Ich würde euch an dieser Stelle ja gerne die Story zum Spiel liefern, aber ehrlicherweise bin ich dabei schnell ausgestiegen. Mich konnten weder die starren Zwischensequenzen noch die unzähligen Dialoge wirklich fesseln. Ich kann euch nur so viel sagen: “In der Welt von Eterra begegnet man dunklen Imperien, zornigen Göttern und unberührten Wildnisgebieten – alles, um einen Weg zu finden, Eterra und die Zeit selbst vor dem Nichts (The Void) zu retten.” Und um es noch kürzer auszudrücken: Ihr reist durch die Zeit und vermöbelt dabei unzählige Feinde! 

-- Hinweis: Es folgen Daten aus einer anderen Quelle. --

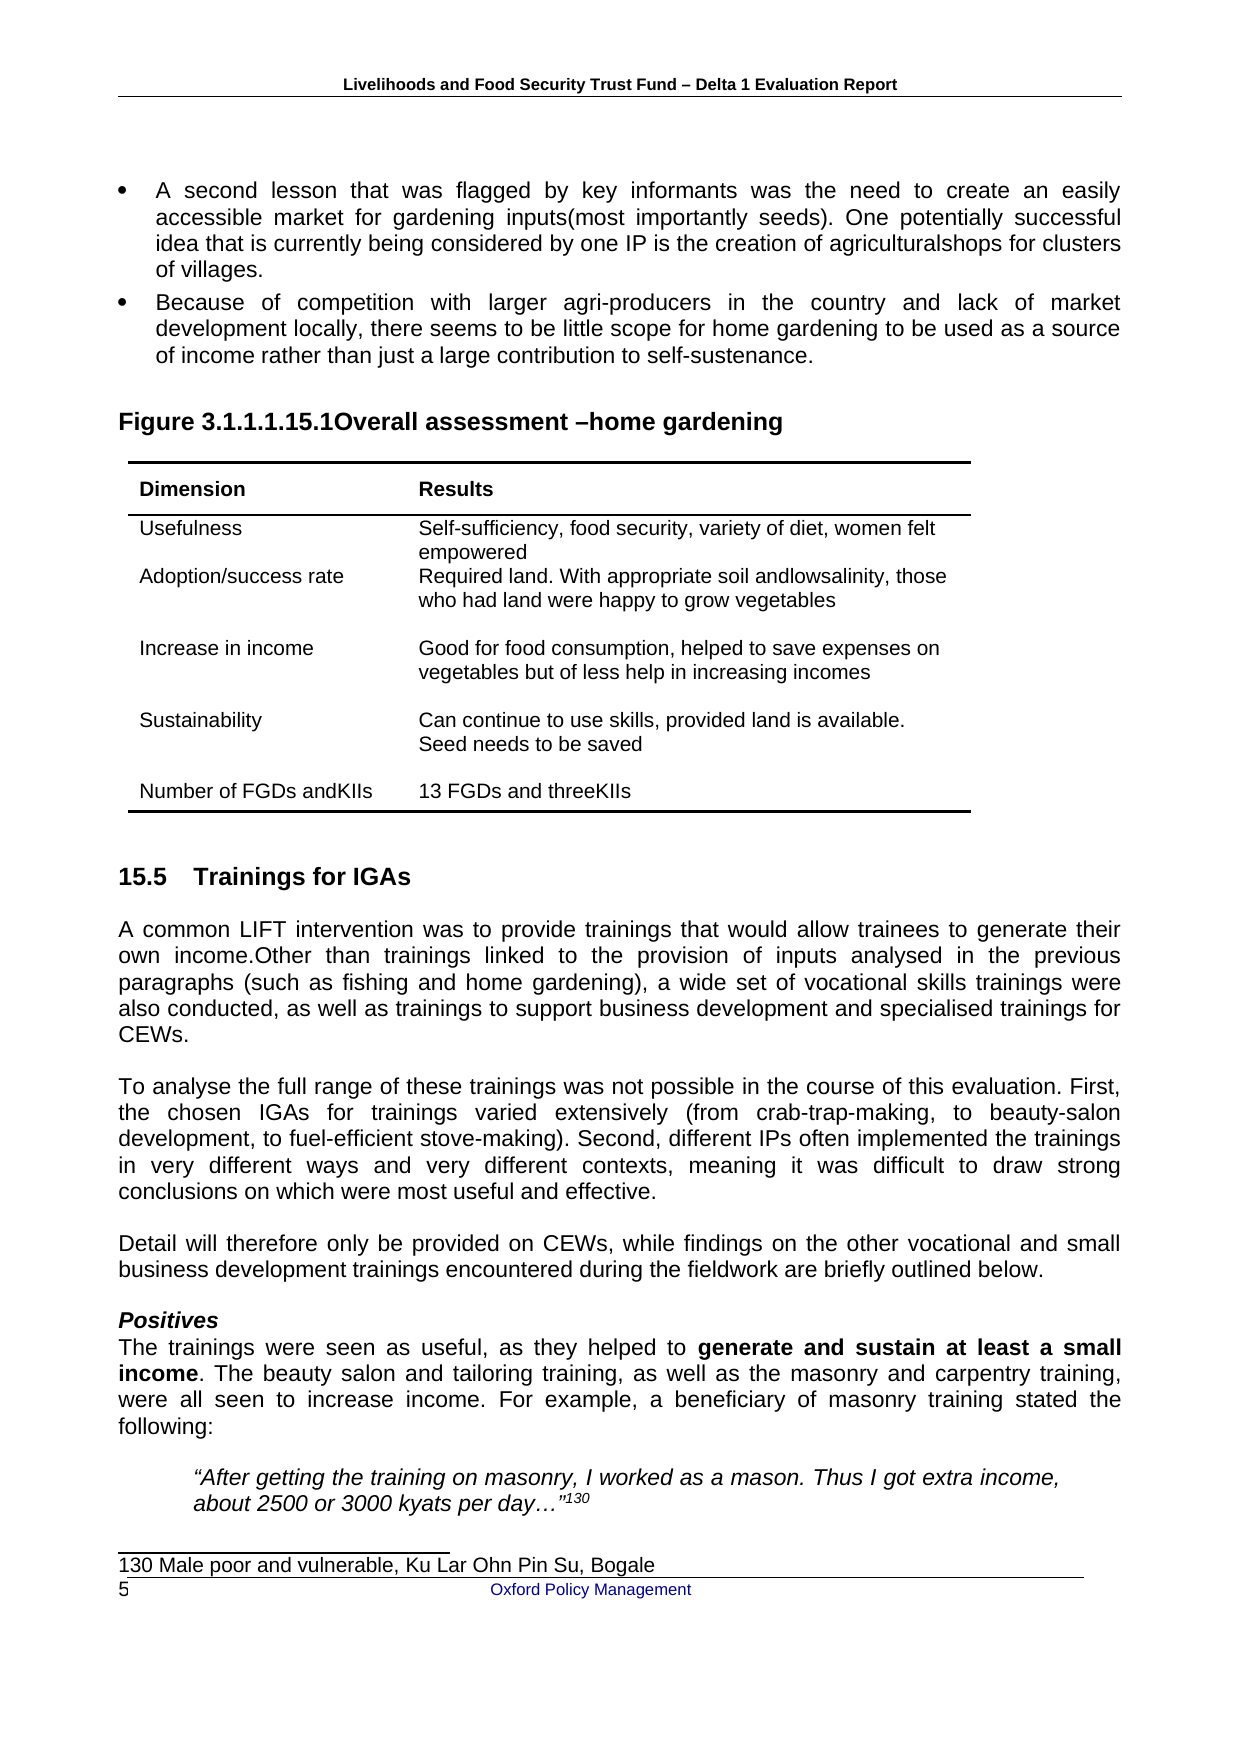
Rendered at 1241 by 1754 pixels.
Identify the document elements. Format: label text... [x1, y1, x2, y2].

table_cell Number of FGDs andKIIs [128, 779, 407, 810]
table_cell Adoption/success rate [128, 564, 407, 636]
table_header Results [407, 464, 971, 514]
table_cell Can continue to use skills, provided land is available. Seed needs to be saved [407, 708, 971, 779]
text “After getting the training on masonry, I worked as a mason. Thus I got extra income, about 2500 or 3000 kyats per day…” [193, 1464, 1063, 1517]
table_cell Self-sufficiency, food security, variety of diet, women felt empowered [407, 516, 971, 564]
table_cell Sustainability [128, 708, 407, 779]
text A common LIFT intervention was to provide trainings that would allow trainees to generate their own income.Other than trainings linked to the provision of inputs analysed in the previous paragraphs (such as fishing and home gardening), a wide set of vocational skills trainings were also conducted, as well as trainings to support business development and specialised trainings for CEWs. [118, 916, 1122, 1048]
table_cell Required land. With appropriate soil andlowsalinity, those who had land were happy to grow vegetables [407, 564, 971, 636]
table_cell 13 FGDs and threeKIIs [407, 779, 971, 810]
list Overall assessment –home gardening [118, 407, 1122, 436]
text The trainings were seen as useful, as they helped to generate and sustain at least a small income. The beauty salon and tailoring training, as well as the masonry and carpentry training, were all seen to increase income. For example, a beneficiary of masonry training stated the following: [118, 1333, 1122, 1439]
list Because of competition with larger agri-producers in the country and lack of market development locally, there seems to be little scope for home gardening to be used as a source of income rather than just a large contribution to self-sustenance. [118, 289, 1122, 368]
table_header Dimension [128, 464, 407, 514]
subtitle Positives [118, 1307, 1122, 1333]
table_cell Good for food consumption, helped to save expenses on vegetables but of less help in increasing incomes [407, 636, 971, 707]
table_cell Usefulness [128, 516, 407, 564]
text Male poor and vulnerable, Ku Lar Ohn Pin Su, Bogale [118, 1553, 1122, 1577]
text Detail will therefore only be provided on CEWs, while findings on the other vocational and small business development trainings encountered during the fieldwork are briefly outlined below. [118, 1229, 1122, 1282]
text To analyse the full range of these trainings was not possible in the course of this evaluation. First, the chosen IGAs for trainings varied extensively (from crab-trap-making, to beauty-salon development, to fuel-efficient stove-making). Second, different IPs often implemented the trainings in very different ways and very different contexts, meaning it was difficult to draw strong conclusions on which were most useful and effective. [118, 1073, 1122, 1204]
list A second lesson that was flagged by key informants was the need to create an easily accessible market for gardening inputs(most importantly seeds). One potentially successful idea that is currently being considered by one IP is the creation of agriculturalshops for clusters of villages. [118, 177, 1122, 283]
subtitle Trainings for IGAs [118, 862, 1122, 891]
table_cell Increase in income [128, 636, 407, 707]

Und genau darum geht es doch in einem Hack & Slay. Wir flüchten uns uns in eine Welt, in der wir unsere Allmachtsfantasien ausleben können. Während man zu Beginn noch recht überschaubare Fähigkeiten hat, entwickelt man sich im Verlauf des Abenteuers zu einem mächtigen Helden, der sich sogar mit Göttern misst. Dank der wunderschönen Grafik sieht das in Last Epoch auch noch verdammt gut aus und das Effektgewitter, muss sich nicht einmal vor Größen wie Diablo verstecken. 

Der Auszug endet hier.